# Slab Flattening



## Allen Tomaszek (Sep 11, 2019)

I produce a lot of live edge slabs and a frequent issue for customers is how to flatten them efficiently. 

I picked up one of these Woodpecker slab flattening jigs and it works incredibly well. The rails and platform slide with a minimum of effort and the results are great. 

There are other jigs and home made ones work well too. I’m just getting lazy in my old age so I bought one.

Once the flattening is done I hit it with a belt sander at 120 grit and the lines disappeared in about 30 seconds.

This piece is about 16” wide and 3’ long. It took about 5 minutes to flatten.

Reactions: Like 6 | EyeCandy! 2 | Way Cool 12


----------



## Graybeard (Sep 12, 2019)

Looks like it would speed up production too. That's always a plus. I've seen home built ones but I think people basically use them for a one time project. This can be used on any number of sizes I would think. As we get older we have to make adjustments to keep going. Fact of life.

Reactions: Thank You! 1 | Agree 1


----------



## Nature Man (Sep 12, 2019)

Good confirmation on this rig by Woodpecker. Would be a 1-2 time use for many of us, thus hard to justify a purchase. But in your case it makes a ton of sense, and will probably be used extensively. Chuck

Reactions: Thank You! 1 | Agree 1


----------



## barry richardson (Sep 12, 2019)

Pretty slick, was the Festool Router part of the kit? Also what cutter do you use on it? looks like it has a bit of a scallop....

Reactions: Thank You! 1


----------



## Gdurfey (Sep 12, 2019)

like the other comments, I have 4 or 5 slabs right now to flatten and have been looking at the Pinterest plans for a homebuilt jig.

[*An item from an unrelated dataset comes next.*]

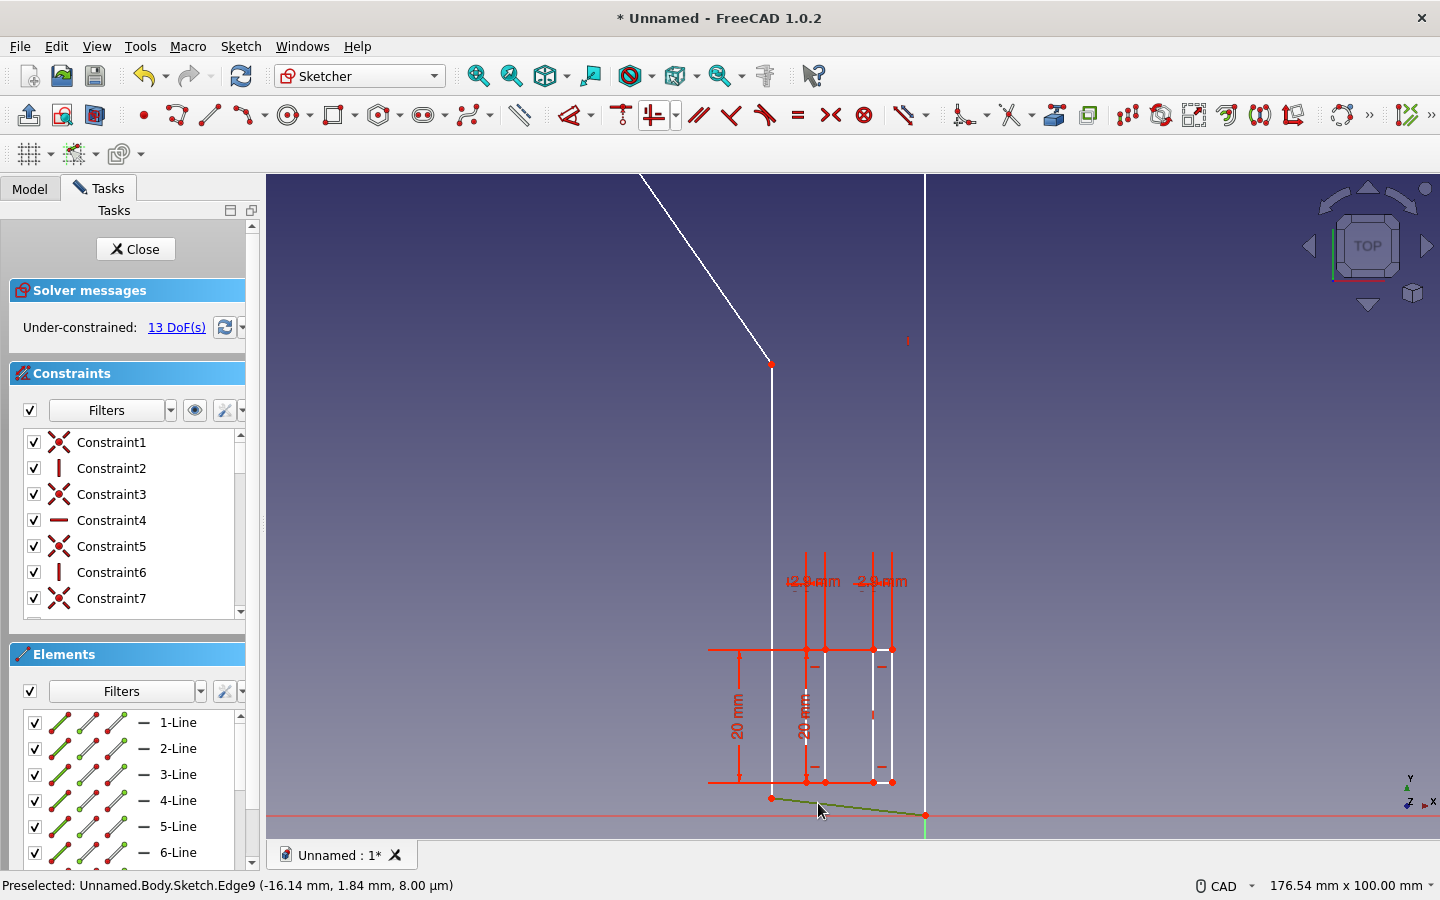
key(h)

Thanks for the review and pictures. Gives me something to think about. If I were in a slab area of the country I would definitely be investing; but I need to slow down on throwing my money at things like this...............says the wife!!!!!

Reactions: Like 2


----------



## Allen Tomaszek (Sep 12, 2019)

barry richardson said:


> Pretty slick, was the Festool Router part of the kit? Also what cutter do you use on it? looks like it has a bit of a scallop....



It would have been nice to get as a kit but I purchased the festool router separately. It’s an awesome router. The bit I used is a white side spoil bottom bit. I know someone with a similar setup that uses an Amana bit with multiple replaceable cutters (similar to helical head cutters) and it also leaves lines.

I also went online to see if anyone that uses a similar setup gets cleaner work and they all end up with lines using this method. In the end they all use a sander of some kind to clean up the surface.

I had a few ideas to see if I can get even better results so if they work I’ll add to the post.

This jig can be set up a couple of ways to you can do 38” wide and up to 129” long or you can set up another way to get 62” wide by 105” long. In reality though you could do whatever length you want by just moving the rails.

Reactions: Like 2 | Agree 1 | Way Cool 1 | Useful 1


----------



## GS-76 (Sep 17, 2019)

I also have lots of Myrtle slabs and I built my own Router sled. It is 8' long by 4'wide. I have used all types of cutters but the replaceable Cutter teeth type.
I would go with at least a 3-4 wing cutter. I consider the Whiteside Spoil board bits the best. I use the 2" wide and 4 cutter. They all leave the Scalloped look.but they are no match for my 3"x 21" Porter Cable 503 Railroad belt sanders. Marks go away in minutes. and they are workhorses.

Reactions: Like 1


----------